Hi, I'm
I like to build things
in real life and in code
As an engineer I build tools that will help us to one day crack the neural code.
Using light to read and write neural activity
By combining digital holography, multi-photon optics and genetic engineering we developed a method that allows neuroscientists to precisely stimulate individual neurons while recording the activity of hundreds of others.
Closed-loop all-optical BMI
We implemented fundamental BMI functions by incorporating real-time image processing. This closes the loop between reading activity and deciding what to stimulate, allowing experimenters to automatically perturb circuits based on real-time activity patterns.
We're currently working on a comprehensive guide and trouble-shooting resource for anyone wanting to perform their own all-optical neural circuit interrogations.
As a scientist I use those tools to directly test theories of brain function.
The minimum detectable amount of brain activity
By stimulating different numbers of neurons we asked how salient can cortical activity be, and how susceptible to noise is it? We showed that the psychometric function for detection of cortical activity is sensitive, steep and plastic.
Functional connectivity of local brain circuits
By selectively activating specific groups of neurons, that can be close or far apart, similarly tuned or not, we can begin to unravel how brain circuits encode and transform information. We have shown in visual cortex that some neurons can activate other neurons similar to them, but the net influence of a given neuron on the local network is suppression, following a centre surround motif.
Mesoscale connectivity mapping
Through upgrading the imaging and stimulation optics we opened up much larger volumes of cortex for interrogation, allowing perturbation and observation across millimetres of brain tissue. We investigated how activity propagates across cortical areas, testing both feedback and feedforward pathways between primary and higher visual areas.

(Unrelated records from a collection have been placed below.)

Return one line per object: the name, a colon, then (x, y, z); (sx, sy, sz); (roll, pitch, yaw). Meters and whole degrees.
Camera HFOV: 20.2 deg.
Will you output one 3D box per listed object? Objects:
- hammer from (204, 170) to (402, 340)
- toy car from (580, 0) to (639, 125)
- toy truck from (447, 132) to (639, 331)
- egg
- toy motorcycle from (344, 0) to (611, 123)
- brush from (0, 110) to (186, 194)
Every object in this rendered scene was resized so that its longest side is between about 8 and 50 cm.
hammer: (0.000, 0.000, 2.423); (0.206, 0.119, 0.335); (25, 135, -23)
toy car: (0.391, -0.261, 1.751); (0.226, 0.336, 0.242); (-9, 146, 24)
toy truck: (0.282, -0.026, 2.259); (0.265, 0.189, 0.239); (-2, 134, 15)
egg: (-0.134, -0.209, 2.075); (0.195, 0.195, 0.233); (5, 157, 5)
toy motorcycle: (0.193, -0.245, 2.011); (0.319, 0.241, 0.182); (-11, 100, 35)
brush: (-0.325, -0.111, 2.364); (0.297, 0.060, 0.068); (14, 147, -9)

Manipulating memory guided navigation
Neurons in the deep brain region of the hippocampus (area CA1) are thought to be vital for enabling memory-guided navigation through physical space. We directly test this long-standing hypothesis by using our all-optical method to stimulate specific ensembles of neurons during virtual reality navigation.

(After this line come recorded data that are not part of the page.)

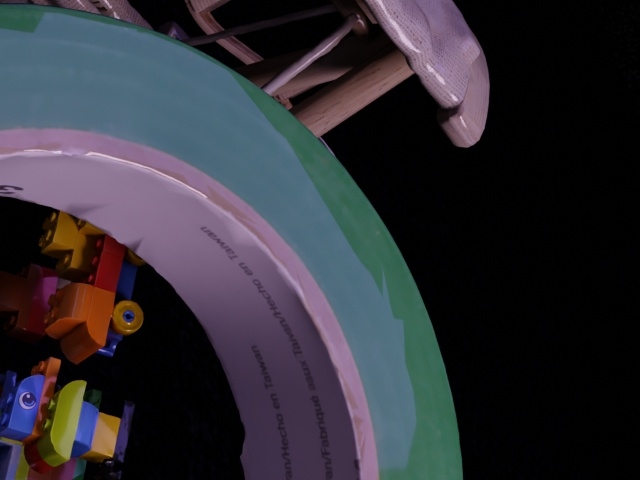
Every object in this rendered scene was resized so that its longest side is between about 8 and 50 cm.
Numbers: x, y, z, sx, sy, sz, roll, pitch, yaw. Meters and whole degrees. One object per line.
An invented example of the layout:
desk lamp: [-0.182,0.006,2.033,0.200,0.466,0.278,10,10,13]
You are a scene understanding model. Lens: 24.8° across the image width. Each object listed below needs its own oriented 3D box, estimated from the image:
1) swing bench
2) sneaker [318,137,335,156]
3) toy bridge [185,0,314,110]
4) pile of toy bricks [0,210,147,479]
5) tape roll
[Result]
swing bench: [-0.092,-0.134,0.654,0.253,0.254,0.165,51,27,-34]
sneaker: [0.000,0.000,1.006,0.071,0.068,0.170,-92,162,-72]
toy bridge: [-0.063,-0.175,1.004,0.188,0.063,0.026,65,23,-2]
pile of toy bricks: [-0.143,0.075,0.576,0.105,0.118,0.212,21,62,-23]
tape roll: [-0.095,0.087,0.480,0.321,0.077,0.321,8,76,-36]

Attractor dynamics of CA3 and CA1
Pattern completion and pattern seperation are two algorithms thought to be implemented in the brain (hippocampus). How information undergoes such transformations between downstream (CA3) and upstream (CA1) areas is little understood. We explore this by performing simultaneous 3D imaging of both areas while parametrically manipulating the virtual environment through which subjects navigate.
Neural control
As a software and hardware engineer I build custom systems to enable other scientists to perform technically challenging experiments with ease.
Comprehensive software to allow non-expert scientists to use holographic stimulation to probe neural circuits. The interface allows the user to select and group neurons by anatomy or function and then produce all required files for the sub-systems including SLM phase masks, microscope galvo and power control, and external triggers. Making 3D all-optical experiments a one-stop process.
Calibration Suite
Protocols to align two laser sources ensuring micron-level accuracy at the sample plane. Co-registers 3D point clouds in 'SLM space' with 'imaging space' allowing the accurate targeting of individual neurons in a 3D volume. Also equalises laser power distribution ensuring consistent activation.
I'm working with leading microscope companies to disseminate our custom software - easy to use interfaces atop complex calibration and device communication layers - enabling even more scientists to use our multi-laser, multi-photon method to read and write neural activity.
To automate and multiplex psychophysical experiments for high-throughput results I design and build flexible, low-cost and open-source platforms.
Open-source, low-cost and high-performance software and hardware to enable high-throughput and parallelised psychophysical experiments. A Python GUI customises the configuration of an Arduino microcontroller to synchronise the delivery of visual, auditory and somatosensory stimuli while monitoring participant responses and triggering external devices accordingly.
Miniature VR
VR systems to study the neural basis of navigation are typically bulky and cumbersome. We radically miniaturised a low-cost but highly effective solution, freeing applications from spatial constraints, enabling compatibility with a much wider range of imaging systems.
I'm available for freelance contract work on projects including app building and data analysis. If you'd like to work with me, get in touch.
Smart home utilities
I'm working with a South African start-up to rapidly develop a cross-platform mobile app that bidirectionally interfaces with their API to display real-time and archived utilities data (water and electricity) as well as turning off the supplies. I collaborated with a UX/UI designer to turn a wireframe into a fully-functioning prototype. Tools used: React Native and JavaScript.
Virtual therapy
As a proof on concept we developed a wireframe VR application to potentially open up psychological therapy to a wider audience. Tools used: Unity and the Google Cardboard SDK.
Passion project
In my spare time I've restored my classic car. I've cut and welded the body back to new, rebuilt the engine and rewired the electrics to bring it back to life.